News
Lundin Mining Announces Agreement to Purchase Freeport's 80% Interest in the Candelaria Mining Complex
TORONTO, ONTARIO–(Marketwired - Oct. 6, 2014) - NOT FOR DISTRIBUTION TO U.S. NEWS WIRE SERVICES OR DISSEMINATION IN THE UNITED STATES. Lundin Mining Corporation (TSX:LUN)(OMX:LUMI) (“Lundin Mining” or the “Company”) is pleased to announce that it has entered into a definitive agreement with Freeport-McMoRan Inc. (“Freeport”) to purchase its 80% ownership stake in the Candelaria/Ojos del Salado copper mining operations and supporting infrastructure (together, “Candelaria”) for cash consideration of US$1.8 billion (the “Acquisition”) plus customary adjustments.
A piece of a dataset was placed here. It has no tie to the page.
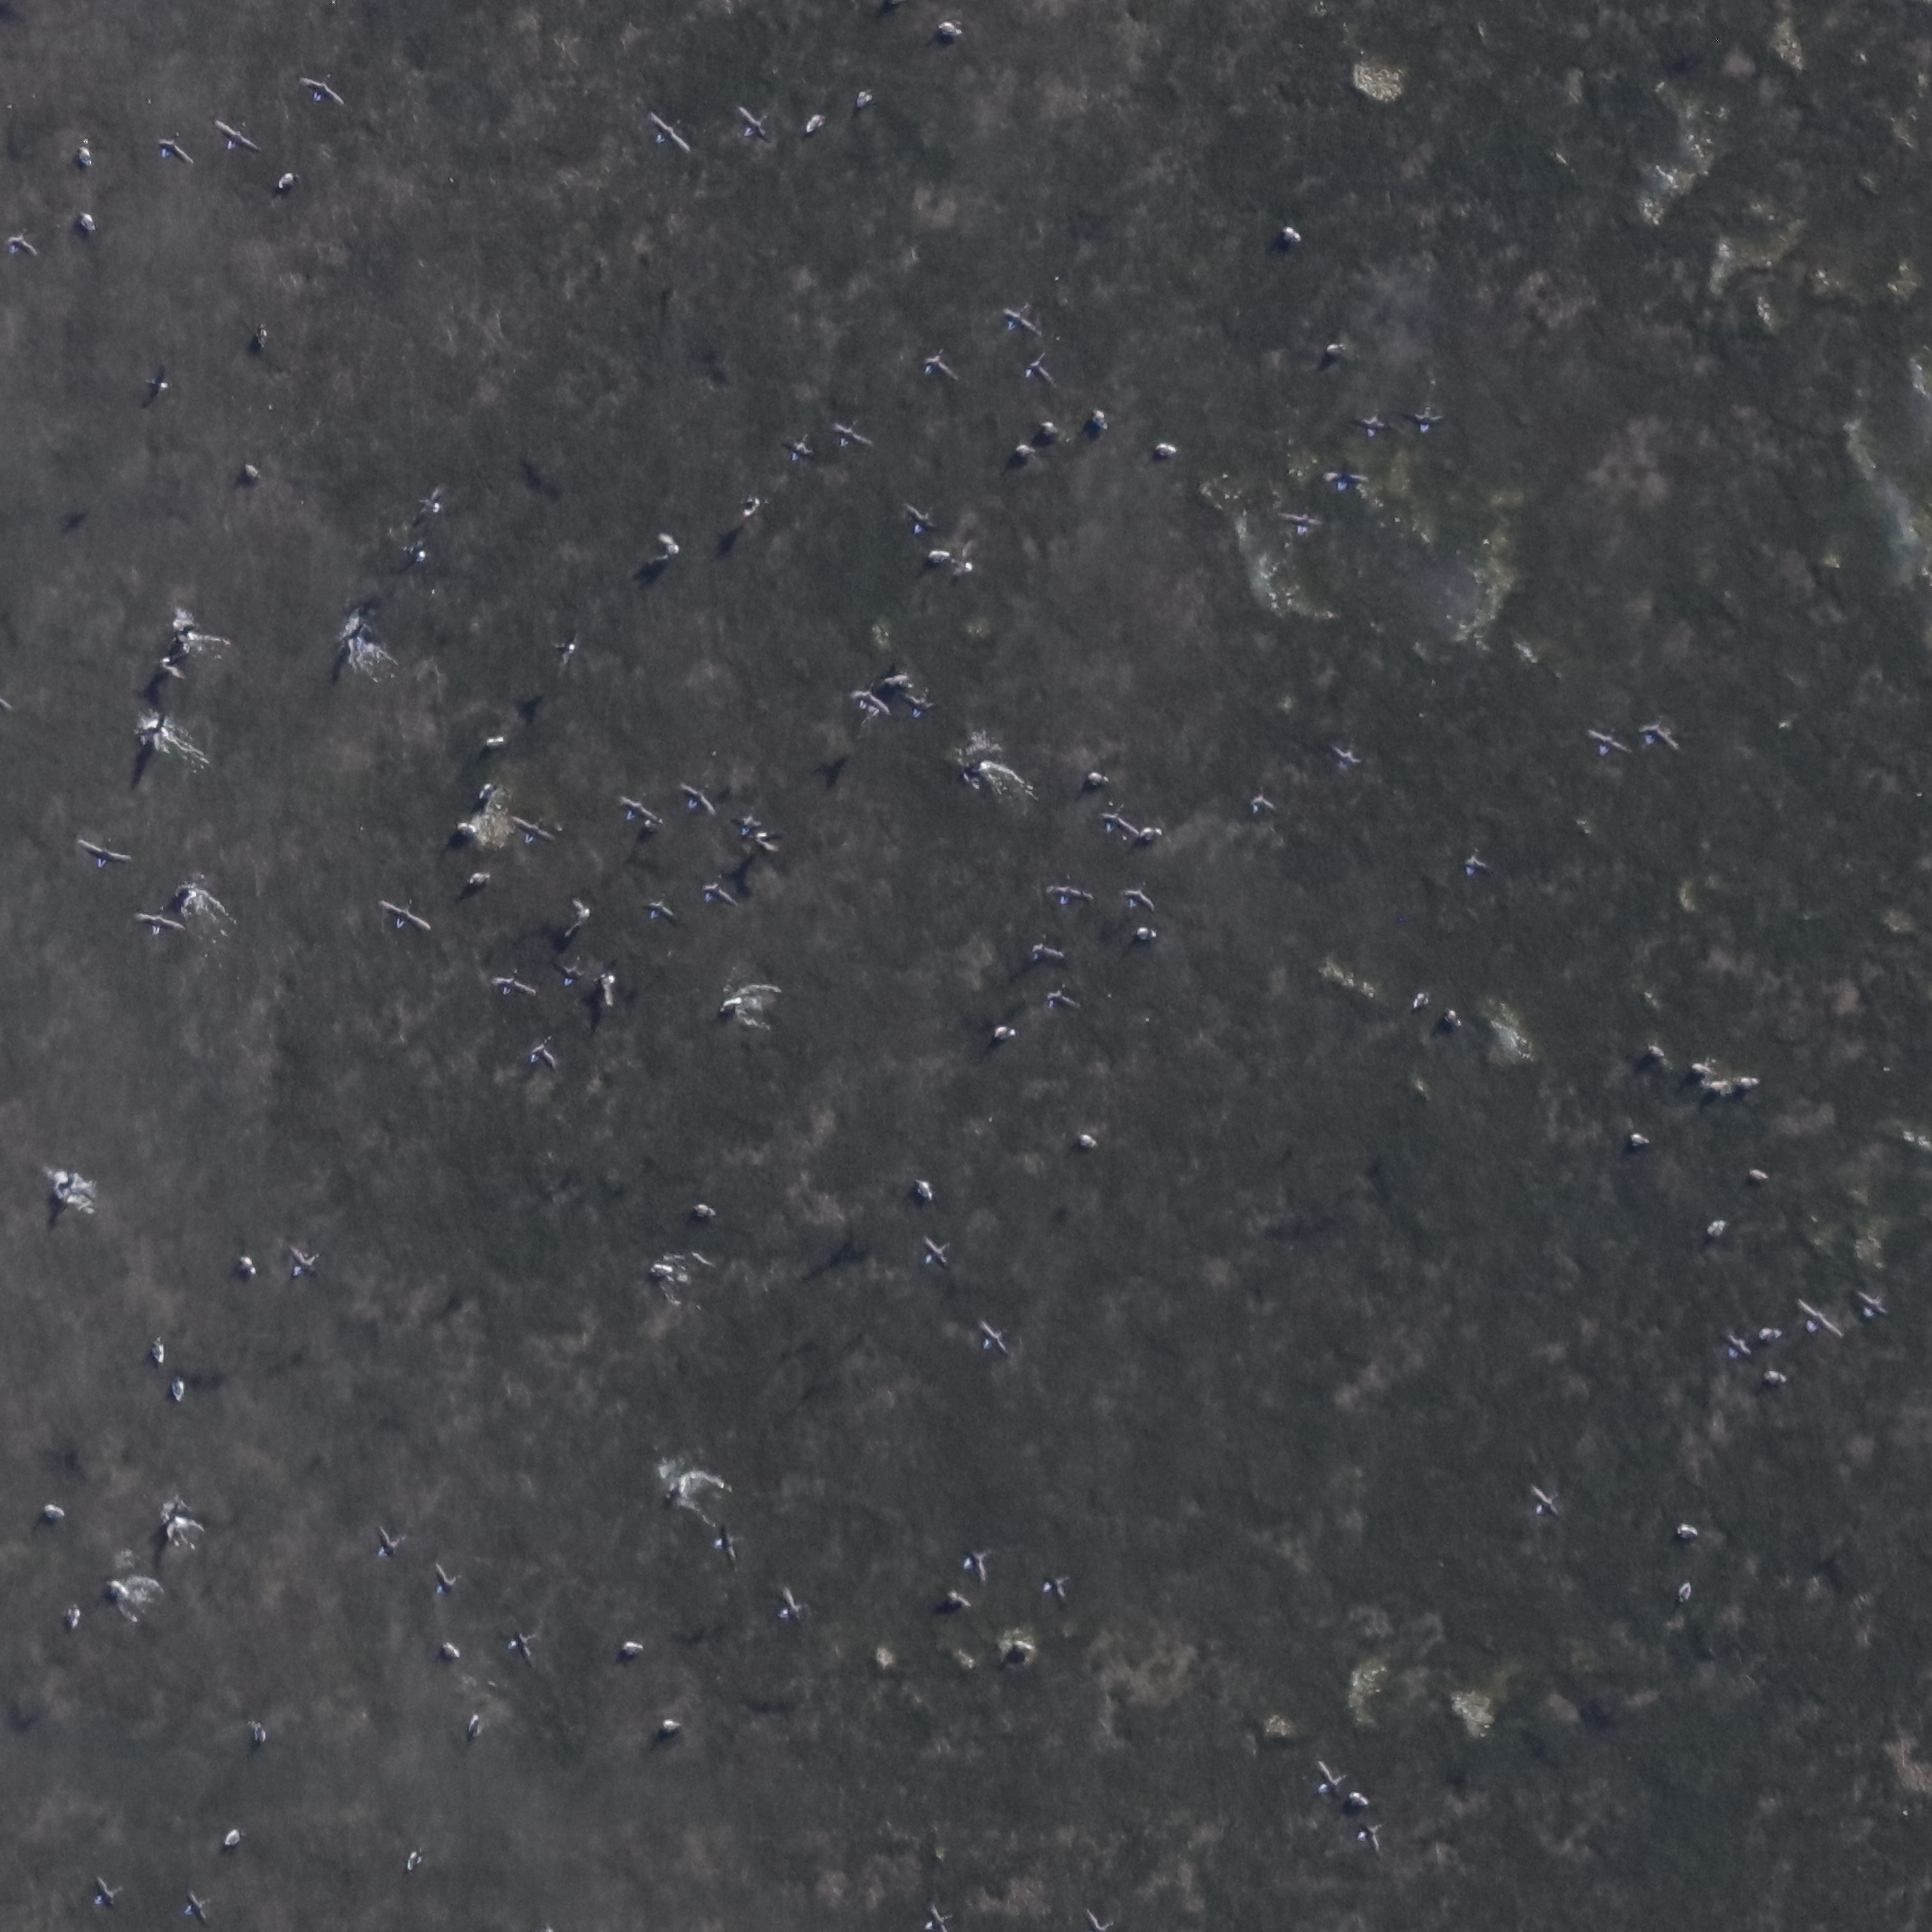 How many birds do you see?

137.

In addition, contingent consideration of up to US$200 million in aggregate is also payable calculated as 5% of net copper revenues in any annual period over the next five years if the realized average copper price exceeds US$4.00 per pound. The remaining 20% ownership stake will continue to be held by Sumitomo Metal Mining Co., Ltd and Sumitomo Corporation (collectively, “Sumitomo”). Strategic Acquisition and Unique Opportunity
Paul Conibear, President and CEO stated “The acquisition of Candelaria is a unique opportunity to acquire a large scale, high quality copper operation with strong cash flows in an excellent mining jurisdiction. Candelaria is a well run, renowned asset with superb infrastructure and an experienced operating team. This transaction further enhances our Company by providing increased operational and geographic diversification, using a balanced financing structure which allows us to maintain a strong balance sheet going forward.” The acquisition is expected be funded with US$1.0 billion in new senior secured debt, approximately US$600 million in equity financing and the sale of a stream on 68% of Candelaria’s gold and silver production to Franco-Nevada Corporation (“Franco-Nevada”) for an upfront payment of US$648 million. The attractiveness of the gold and silver by-product credits has enabled the Company to receive approximately 36% of the initial purchase price in exchange for less than 10% of revenues. Candelaria and Ojos del Salado Mines Overview Located in Chile’s Atacama province, Region III, Candelaria is expected to produce 156kt of copper with attractive gold (97kozs) and silver (1.9mozs) by-products in 2014 on a 100% basis. Annual average life of mine production based on current reserves is expected to be approximately 126kt of copper, 77kozs of gold and 1.4mozs of silver on a 100% basis. Since Candelaria open-pit production commenced in the mid 1990’s, the operations have produced approximately 3.6 million tonnes of copper. The mine is located at a low elevation of 650m and near the coastal port of Caldera. Candelaria is widely seen as a global model for high grade open-pit iron oxide copper gold (IOCG) copper production. Asset Highlights:
The consolidated audited Mineral Resource statement for the Candelaria and Ojos del Salado mines is presented in the table below:
The consolidated audited Mineral Reserve statement for Candelaria is presented in the table below.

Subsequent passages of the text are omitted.